In many communities, CHWs have been instrumental in COVID-19 public health messaging and communication, contact tracing and monitoring in medically underserved communities, navigation to vaccine and testing appointments, and even in conducting rapid antigen testing with the proper training and personal protective equipment. They have leveraged their established relationships and trust of their communities to dispel myths, advocate against evictions, help clients access their stimulus checks, and promote mental and physical health and resilience.4 CHWs have also expanded the capacity of social service organizations who have been on the front line throughout the pandemic, including homeless shelters, food pantries, and other agencies providing public assistance. The recent federal investments in CHWs, though overdue and time limited, should be leveraged to strengthen the workforce to address ongoing community health needs and prepare us for future public health crises.

A WINDOW OF OPPORTUNITY

The political commitment needed to expand and sustain a robust CHW workforce was largely lacking until recently. In January 2022, a new bill was introduced in the Senate, S.3479—Building a Sustainable Workforce for Healthy Communities Act—which calls for investment in the sustainability of the CHW workforce and expands funding opportunities beyond state and local governments to include community-based organizations. The success of this bill is yet to be determined, but, as with any policy, demonstrating success and positive ROI will be critical to its sustainability. Rigorous large-scale longitudinal evaluations of CHW programs with respect to health care use, health outcomes, and health system savings will become increasingly necessary. Heisler et al. provide an elegant blueprint for a health plan–implemented and potentially financially sustainable model whose evaluation can strengthen the evidence base for CHW effectiveness and cost-effectiveness.
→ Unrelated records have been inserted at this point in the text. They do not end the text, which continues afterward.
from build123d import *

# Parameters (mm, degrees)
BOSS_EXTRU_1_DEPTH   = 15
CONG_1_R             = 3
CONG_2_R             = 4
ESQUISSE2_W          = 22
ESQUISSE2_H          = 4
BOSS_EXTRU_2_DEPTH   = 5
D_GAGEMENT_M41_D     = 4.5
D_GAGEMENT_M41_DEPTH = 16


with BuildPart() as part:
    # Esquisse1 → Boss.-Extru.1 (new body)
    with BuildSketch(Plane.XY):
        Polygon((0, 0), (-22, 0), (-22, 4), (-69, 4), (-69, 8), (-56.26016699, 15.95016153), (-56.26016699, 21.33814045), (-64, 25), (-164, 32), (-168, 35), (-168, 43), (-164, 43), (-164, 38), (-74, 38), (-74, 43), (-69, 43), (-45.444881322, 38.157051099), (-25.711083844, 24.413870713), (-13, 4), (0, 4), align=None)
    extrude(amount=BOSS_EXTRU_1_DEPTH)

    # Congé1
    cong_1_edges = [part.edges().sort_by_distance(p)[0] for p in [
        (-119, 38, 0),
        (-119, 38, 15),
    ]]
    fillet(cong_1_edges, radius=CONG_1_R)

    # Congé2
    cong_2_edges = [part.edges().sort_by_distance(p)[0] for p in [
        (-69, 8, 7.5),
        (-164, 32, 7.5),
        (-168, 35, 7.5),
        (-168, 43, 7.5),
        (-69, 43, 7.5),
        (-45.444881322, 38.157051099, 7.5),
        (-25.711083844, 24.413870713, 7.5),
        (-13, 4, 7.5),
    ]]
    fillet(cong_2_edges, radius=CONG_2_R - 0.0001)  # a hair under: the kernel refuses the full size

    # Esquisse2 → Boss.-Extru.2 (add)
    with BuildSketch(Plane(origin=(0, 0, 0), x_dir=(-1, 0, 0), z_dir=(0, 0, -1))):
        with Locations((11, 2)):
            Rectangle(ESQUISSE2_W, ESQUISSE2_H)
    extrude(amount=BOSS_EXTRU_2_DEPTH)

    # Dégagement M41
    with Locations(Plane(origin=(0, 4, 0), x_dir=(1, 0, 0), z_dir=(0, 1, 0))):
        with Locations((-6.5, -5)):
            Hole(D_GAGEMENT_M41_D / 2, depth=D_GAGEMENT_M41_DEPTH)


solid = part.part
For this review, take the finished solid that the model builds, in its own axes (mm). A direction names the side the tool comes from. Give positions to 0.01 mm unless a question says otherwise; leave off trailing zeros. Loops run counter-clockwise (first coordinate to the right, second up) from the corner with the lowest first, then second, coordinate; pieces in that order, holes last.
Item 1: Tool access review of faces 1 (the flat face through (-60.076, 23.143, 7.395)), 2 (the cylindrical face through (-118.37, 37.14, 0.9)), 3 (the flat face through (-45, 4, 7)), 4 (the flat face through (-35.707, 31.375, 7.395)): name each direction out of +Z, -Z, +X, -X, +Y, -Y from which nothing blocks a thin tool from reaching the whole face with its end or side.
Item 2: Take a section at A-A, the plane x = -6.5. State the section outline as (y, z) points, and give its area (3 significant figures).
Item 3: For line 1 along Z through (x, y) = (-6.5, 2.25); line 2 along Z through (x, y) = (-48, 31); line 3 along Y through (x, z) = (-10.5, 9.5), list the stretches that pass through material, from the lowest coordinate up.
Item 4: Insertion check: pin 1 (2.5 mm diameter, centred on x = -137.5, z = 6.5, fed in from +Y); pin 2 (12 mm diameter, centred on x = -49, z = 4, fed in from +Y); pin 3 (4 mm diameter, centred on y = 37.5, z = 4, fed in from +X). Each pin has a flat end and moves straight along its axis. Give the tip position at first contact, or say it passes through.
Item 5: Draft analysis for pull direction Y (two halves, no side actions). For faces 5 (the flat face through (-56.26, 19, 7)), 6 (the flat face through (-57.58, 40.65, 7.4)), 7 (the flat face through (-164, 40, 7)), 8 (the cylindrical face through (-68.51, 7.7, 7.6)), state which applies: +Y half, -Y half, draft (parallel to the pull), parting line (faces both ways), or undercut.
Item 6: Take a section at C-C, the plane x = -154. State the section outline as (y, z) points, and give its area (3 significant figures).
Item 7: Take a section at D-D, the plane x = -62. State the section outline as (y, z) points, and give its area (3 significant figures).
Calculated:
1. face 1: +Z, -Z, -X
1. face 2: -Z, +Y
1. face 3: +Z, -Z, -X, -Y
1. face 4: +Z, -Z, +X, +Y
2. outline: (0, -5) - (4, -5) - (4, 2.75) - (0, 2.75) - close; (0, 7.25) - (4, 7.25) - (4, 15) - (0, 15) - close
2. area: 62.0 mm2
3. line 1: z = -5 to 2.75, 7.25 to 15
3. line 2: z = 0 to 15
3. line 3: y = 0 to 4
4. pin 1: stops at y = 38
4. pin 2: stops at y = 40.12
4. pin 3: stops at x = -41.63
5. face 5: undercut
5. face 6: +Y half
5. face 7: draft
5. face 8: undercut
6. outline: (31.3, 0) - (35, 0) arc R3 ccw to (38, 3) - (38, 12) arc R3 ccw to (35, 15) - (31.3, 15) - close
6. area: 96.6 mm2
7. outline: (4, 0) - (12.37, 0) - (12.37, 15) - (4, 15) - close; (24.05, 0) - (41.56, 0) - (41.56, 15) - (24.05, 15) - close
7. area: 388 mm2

Future studies should focus on longer-term impacts of CHW programs and should consider including patient-centered outcomes in their evaluation. A growing commitment to community engagement and patient-centeredness in public health research funding will also increase opportunities to engage CHWs as research partners,10 creating further opportunities for workforce expansion. Leveraging this current momentum and unique window of opportunity to strengthen and expand this critical workforce will require evidence-based practices8,11,12 for effective recruitment, training and certification, retention, evaluation, supervision, reimbursement, recognition, and remuneration of CHWs to ensure success and sustainability long beyond the COVID-19 pandemic.

CONFLICTS OF INTEREST

The author has no conflicts of interest to declare.